Suppose we need to investigate a mutation from a gene string start to a gene string end where one mutation is defined as one single character changed in the gene string.
- For example, "AACCGGTT" --> "AACCGGTA" is one mutation.
There is also a gene bank bank that records all the valid gene mutations. A gene must be in bank to make it a valid gene string.
Given the two gene strings start and end and the gene bank bank, return the minimum number of mutations needed to mutate from start to end. If there is no such a mutation, return -1.

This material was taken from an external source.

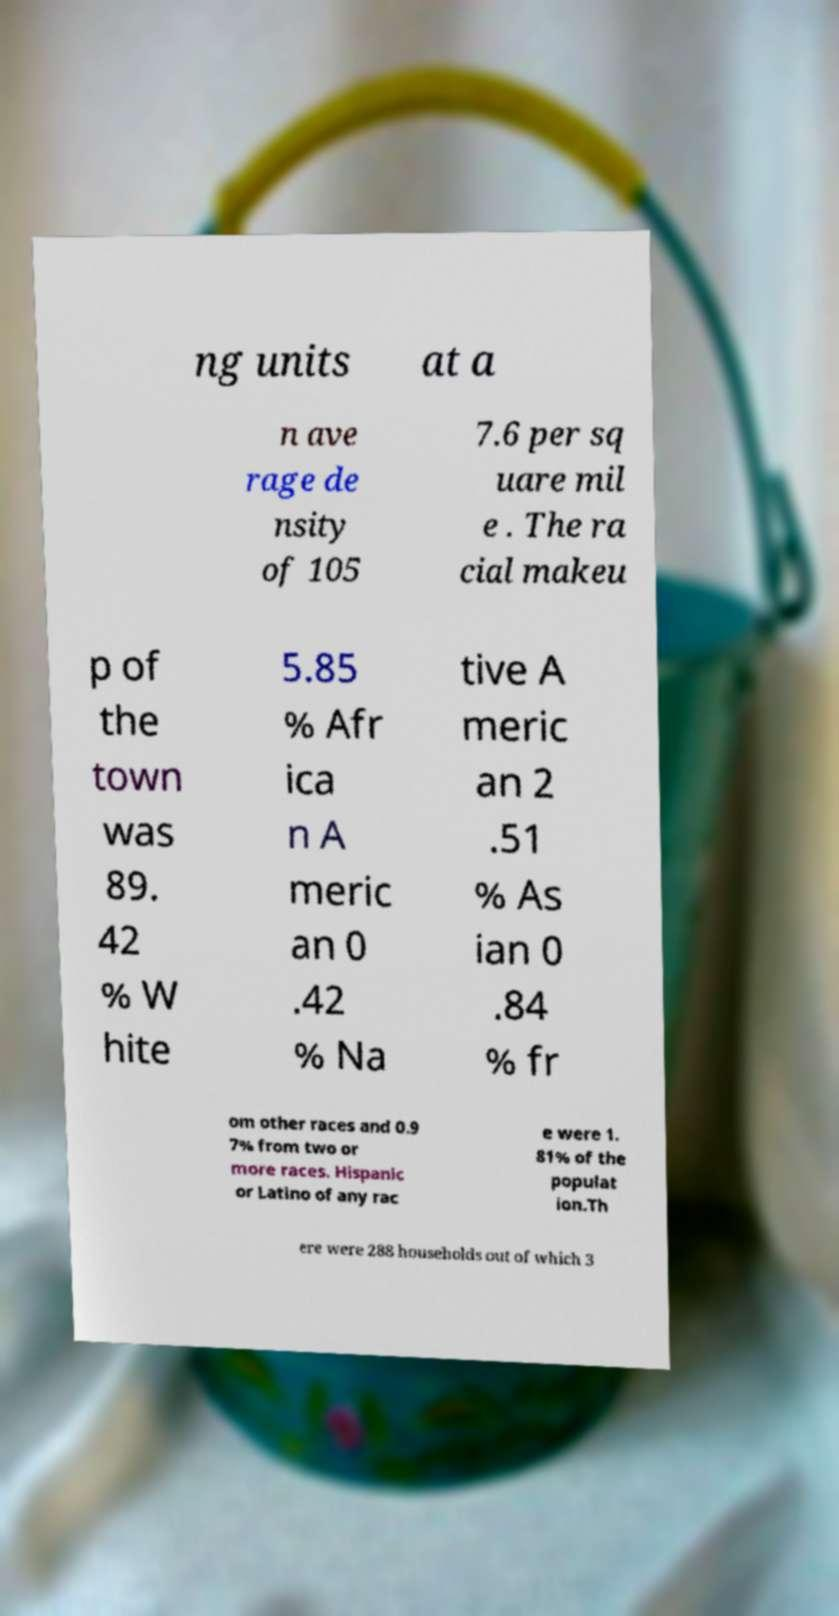I need the written content from this picture converted into text. Can you do that? ng units at a n ave rage de nsity of 105 7.6 per sq uare mil e . The ra cial makeu p of the town was 89. 42 % W hite 5.85 % Afr ica n A meric an 0 .42 % Na tive A meric an 2 .51 % As ian 0 .84 % fr om other races and 0.9 7% from two or more races. Hispanic or Latino of any rac e were 1. 81% of the populat ion.Th ere were 288 households out of which 3

Note that the starting point is assumed to be valid, so it might not be included in the bank.
A: BFS (Breadth-First Search)201Please respect copyright.PENANAnCg3YBK9yF
// better than use DFS as it just need to find out the shortest path.

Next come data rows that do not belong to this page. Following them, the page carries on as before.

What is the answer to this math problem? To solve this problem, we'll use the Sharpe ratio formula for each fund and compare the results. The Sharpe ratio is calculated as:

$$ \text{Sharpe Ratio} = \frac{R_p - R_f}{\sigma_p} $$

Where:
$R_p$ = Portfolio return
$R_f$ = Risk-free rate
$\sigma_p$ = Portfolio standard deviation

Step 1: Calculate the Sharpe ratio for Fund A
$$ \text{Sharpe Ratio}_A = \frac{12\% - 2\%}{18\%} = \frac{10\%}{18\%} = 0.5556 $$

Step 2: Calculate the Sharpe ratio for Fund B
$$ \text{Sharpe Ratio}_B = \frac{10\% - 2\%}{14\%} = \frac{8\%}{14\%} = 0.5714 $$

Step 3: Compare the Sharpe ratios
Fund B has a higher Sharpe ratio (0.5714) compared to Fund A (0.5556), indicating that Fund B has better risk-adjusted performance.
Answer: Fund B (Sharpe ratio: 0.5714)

class Solution {201Please respect copyright.PENANAeVWwHTxWFJ
public int minMutation(String start, String end, String[] bank) {201Please respect copyright.PENANAr93ND8y2sE
// Initialize a queue queue and a set seen. The queue will be used for BFS and the set will be used to prevent visiting a node more than once. Initially, the queue and set should hold start.201Please respect copyright.PENANA6gbxSO49q4
Queue<String> queue = new LinkedList<>();201Please respect copyright.PENANAERm6LqZO7s
Set<String> seen = new HashSet<>();201Please respect copyright.PENANAO1uJnmXUNl
queue.add(start);201Please respect copyright.PENANAtQVRpmRHxn
seen.add(start);201Please respect copyright.PENANA7Jtxv8pBSJ
201Please respect copyright.PENANAjwKj3321Jo
int steps = 0;201Please respect copyright.PENANAA0I2cBeDdo
201Please respect copyright.PENANAc5VLlK1fI1
while (!queue.isEmpty()) {201Please respect copyright.PENANAIVi0sG7OZ2
int nodesInQueue = queue.size();201Please respect copyright.PENANAOI6IUrWaMM
for (int j = 0; j < nodesInQueue; j++) {201Please respect copyright.PENANAN99hw1cWNX
String node = queue.remove();201Please respect copyright.PENANA9HiOO1cFnG
// Perform a BFS. At each node, if node == end, return the number of steps so far. Otherwise, iterate over all the neighbors. For each neighbor, if neighbor is not in seen and neighbor is in bank, add it to queue and seen.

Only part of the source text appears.